◆ **Task details**
Set the pictures aside and return each record below precisely as written.

◆ **Supplied material**
==*==
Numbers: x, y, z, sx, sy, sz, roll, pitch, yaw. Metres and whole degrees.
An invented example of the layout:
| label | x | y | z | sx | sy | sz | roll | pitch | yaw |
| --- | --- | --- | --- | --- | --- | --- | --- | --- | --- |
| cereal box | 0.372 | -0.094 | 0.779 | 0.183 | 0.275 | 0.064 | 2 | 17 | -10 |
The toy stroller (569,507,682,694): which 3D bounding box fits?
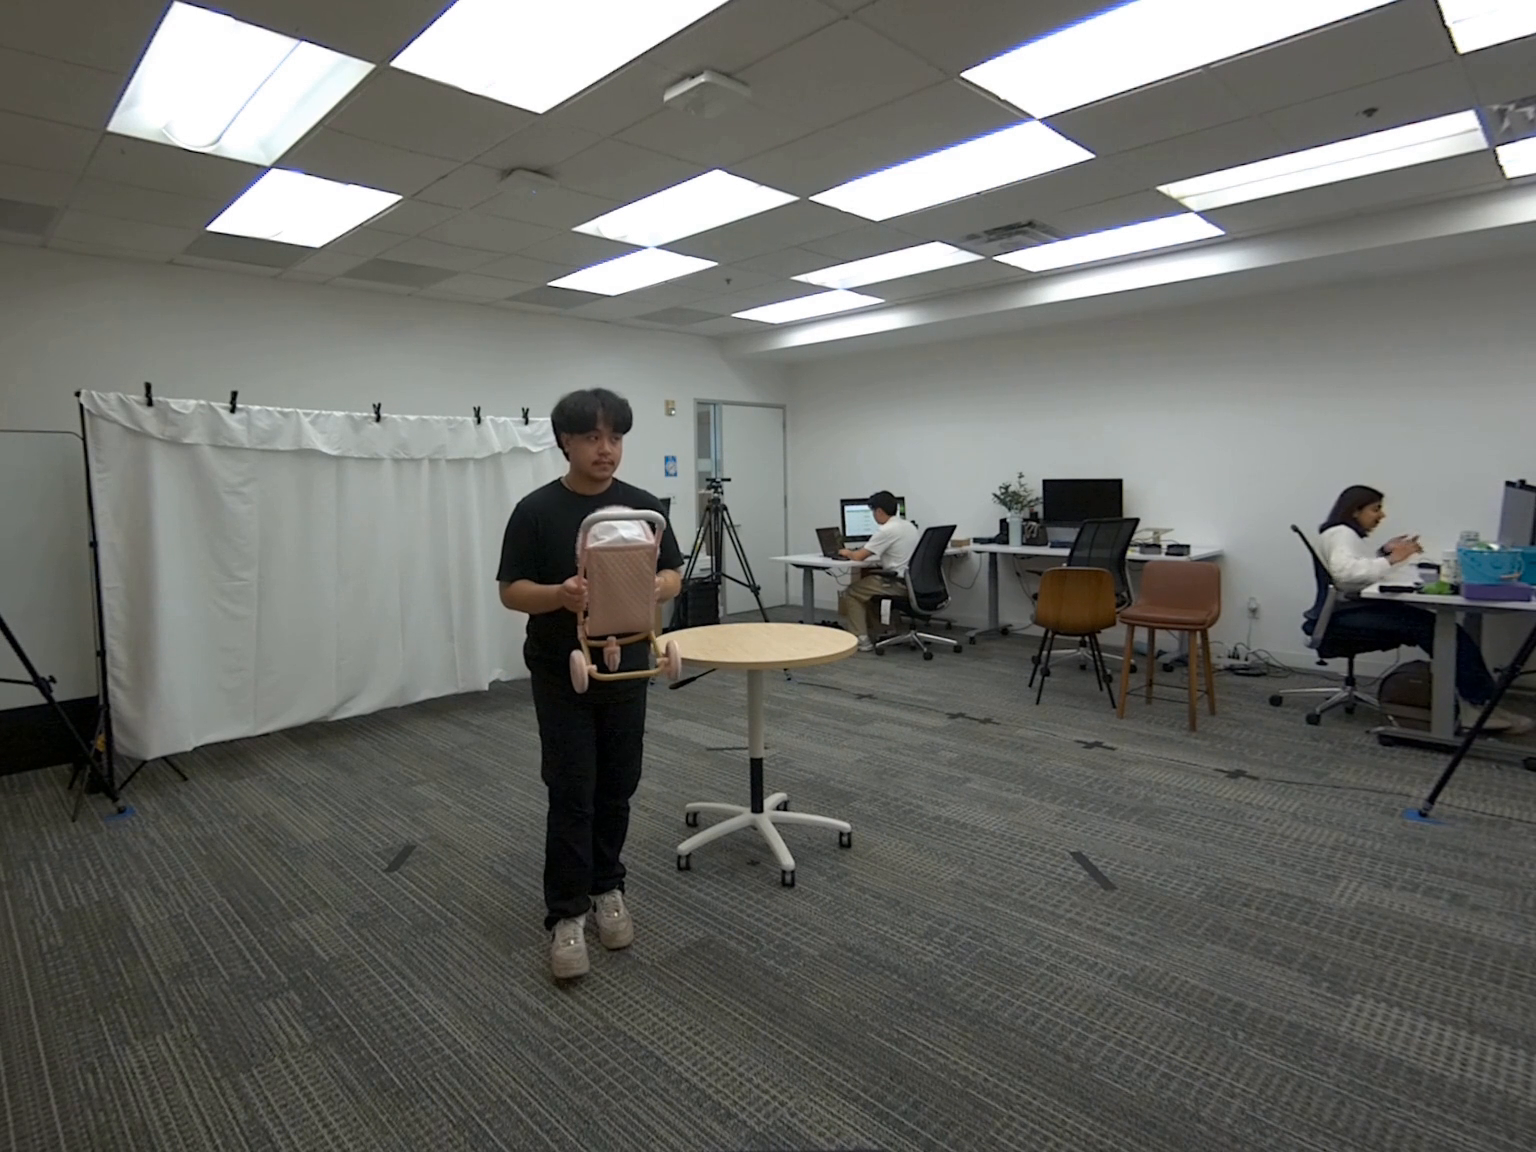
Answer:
| label | x | y | z | sx | sy | sz | roll | pitch | yaw |
| --- | --- | --- | --- | --- | --- | --- | --- | --- | --- |
| toy stroller | -0.407 | 0.059 | 2.273 | 0.278 | 0.528 | 0.350 | -2 | 15 | -14 |
==*==
◆ **Task output**
Numbers: x, y, z, sx, sy, sz, roll, pitch, yaw. Metres and whole degrees.
An invented example of the layout:
| label | x | y | z | sx | sy | sz | roll | pitch | yaw |
| --- | --- | --- | --- | --- | --- | --- | --- | --- | --- |
| cereal box | 0.372 | -0.094 | 0.779 | 0.183 | 0.275 | 0.064 | 2 | 17 | -10 |
The toy stroller (569,507,682,694): which 3D bounding box fits?
Answer:
| label | x | y | z | sx | sy | sz | roll | pitch | yaw |
| --- | --- | --- | --- | --- | --- | --- | --- | --- | --- |
| toy stroller | -0.407 | 0.059 | 2.273 | 0.278 | 0.528 | 0.350 | -2 | 15 | -14 |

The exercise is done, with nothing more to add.